INSTRUCTIONS TO FOLLOW: Your reply should be a faithful copy of the records below, free of pictures.

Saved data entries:
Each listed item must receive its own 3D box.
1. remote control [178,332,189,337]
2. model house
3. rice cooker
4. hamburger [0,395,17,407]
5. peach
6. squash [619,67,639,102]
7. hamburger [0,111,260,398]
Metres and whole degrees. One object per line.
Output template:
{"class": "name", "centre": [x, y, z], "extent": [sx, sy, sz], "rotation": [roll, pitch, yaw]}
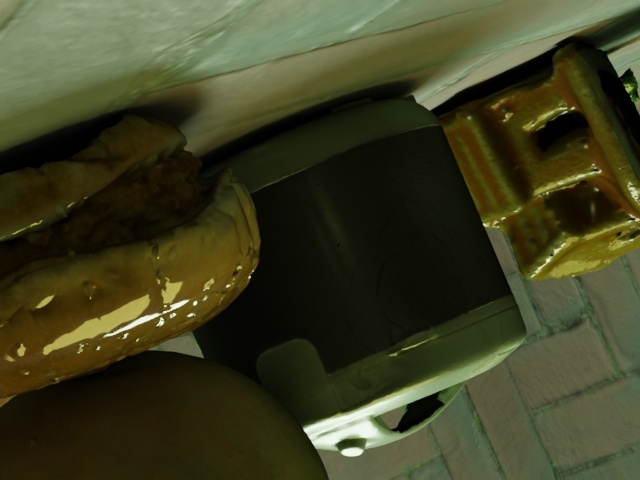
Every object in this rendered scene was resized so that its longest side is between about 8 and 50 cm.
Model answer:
{"class": "remote control", "centre": [-0.098, 0.041, 1.971], "extent": [0.332, 0.103, 0.221], "rotation": [-17, 171, -44]}
{"class": "model house", "centre": [0.221, -0.063, 1.671], "extent": [0.239, 0.268, 0.173], "rotation": [-23, -164, 20]}
{"class": "rice cooker", "centre": [0.019, 0.041, 1.415], "extent": [0.288, 0.277, 0.288], "rotation": [-23, 178, -1]}
{"class": "hamburger", "centre": [-0.377, 0.219, 1.968], "extent": [0.211, 0.245, 0.260], "rotation": [-42, -158, 50]}
{"class": "peach", "centre": [-0.139, 0.224, 1.231], "extent": [0.292, 0.292, 0.247], "rotation": [-24, 180, 5]}
{"class": "squash", "centre": [0.170, -0.086, 1.812], "extent": [0.395, 0.107, 0.107], "rotation": [-25, 176, 9]}
{"class": "hamburger", "centre": [-0.166, 0.021, 1.105], "extent": [0.260, 0.144, 0.283], "rotation": [-26, -179, 2]}
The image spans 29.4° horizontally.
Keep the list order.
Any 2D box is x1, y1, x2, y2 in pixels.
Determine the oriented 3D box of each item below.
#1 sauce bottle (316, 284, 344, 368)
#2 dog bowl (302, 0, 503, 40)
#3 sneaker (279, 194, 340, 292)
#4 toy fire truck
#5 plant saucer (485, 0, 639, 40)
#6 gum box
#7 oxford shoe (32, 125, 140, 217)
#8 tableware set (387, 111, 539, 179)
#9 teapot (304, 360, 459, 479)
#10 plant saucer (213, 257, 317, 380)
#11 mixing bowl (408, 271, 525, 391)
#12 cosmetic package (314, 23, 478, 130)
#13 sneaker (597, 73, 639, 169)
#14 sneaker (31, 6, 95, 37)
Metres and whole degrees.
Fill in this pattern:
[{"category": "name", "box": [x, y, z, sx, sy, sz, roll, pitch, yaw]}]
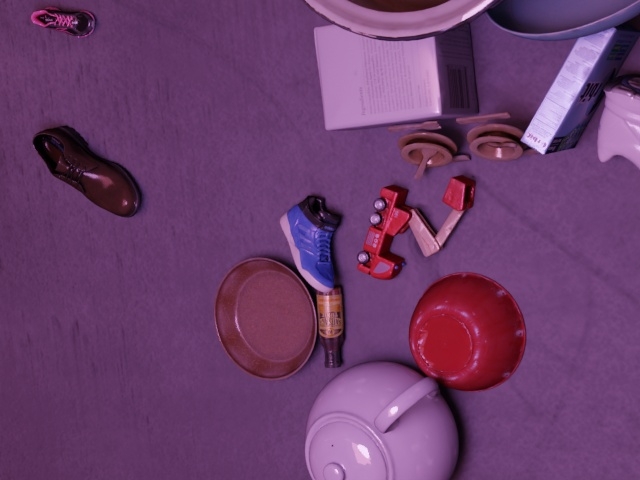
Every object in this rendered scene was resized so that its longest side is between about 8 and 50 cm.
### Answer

SOLVED PROBLEM:
Each listed item must receive its own 3D box.
1. remote control [178,332,189,337]
2. model house
3. rice cooker
4. hamburger [0,395,17,407]
5. peach
6. squash [619,67,639,102]
7. hamburger [0,111,260,398]
Metres and whole degrees. One object per line.
Output template:
{"class": "name", "centre": [x, y, z], "extent": [sx, sy, sz], "rotation": [roll, pitch, yaw]}
Every object in this rendered scene was resized so that its longest side is between about 8 and 50 cm.
Model answer:
{"class": "remote control", "centre": [-0.098, 0.041, 1.971], "extent": [0.332, 0.103, 0.221], "rotation": [-17, 171, -44]}
{"class": "model house", "centre": [0.221, -0.063, 1.671], "extent": [0.239, 0.268, 0.173], "rotation": [-23, -164, 20]}
{"class": "rice cooker", "centre": [0.019, 0.041, 1.415], "extent": [0.288, 0.277, 0.288], "rotation": [-23, 178, -1]}
{"class": "hamburger", "centre": [-0.377, 0.219, 1.968], "extent": [0.211, 0.245, 0.260], "rotation": [-42, -158, 50]}
{"class": "peach", "centre": [-0.139, 0.224, 1.231], "extent": [0.292, 0.292, 0.247], "rotation": [-24, 180, 5]}
{"class": "squash", "centre": [0.170, -0.086, 1.812], "extent": [0.395, 0.107, 0.107], "rotation": [-25, 176, 9]}
{"class": "hamburger", "centre": [-0.166, 0.021, 1.105], "extent": [0.260, 0.144, 0.283], "rotation": [-26, -179, 2]}
The image spans 29.4° horizontally.
Keep the list order.
Any 2D box is x1, y1, x2, y2 in pixels.
Determine the oriented 3D box of each item below.
#1 sauce bottle (316, 284, 344, 368)
#2 dog bowl (302, 0, 503, 40)
#3 sneaker (279, 194, 340, 292)
#4 toy fire truck
#5 plant saucer (485, 0, 639, 40)
#6 gum box
#7 oxford shoe (32, 125, 140, 217)
#8 tableware set (387, 111, 539, 179)
#9 teapot (304, 360, 459, 479)
#10 plant saucer (213, 257, 317, 380)
#11 mixing bowl (408, 271, 525, 391)
#12 cosmetic package (314, 23, 478, 130)
#13 sneaker (597, 73, 639, 169)
#14 sneaker (31, 6, 95, 37)
Metres and whole degrees.
Fill in this pattern:
[{"category": "name", "box": [x, y, z, sx, sy, sz, roll, pitch, yaw]}]
Every object in this rendered scene was resized so that its longest side is between about 8 and 50 cm.
### Answer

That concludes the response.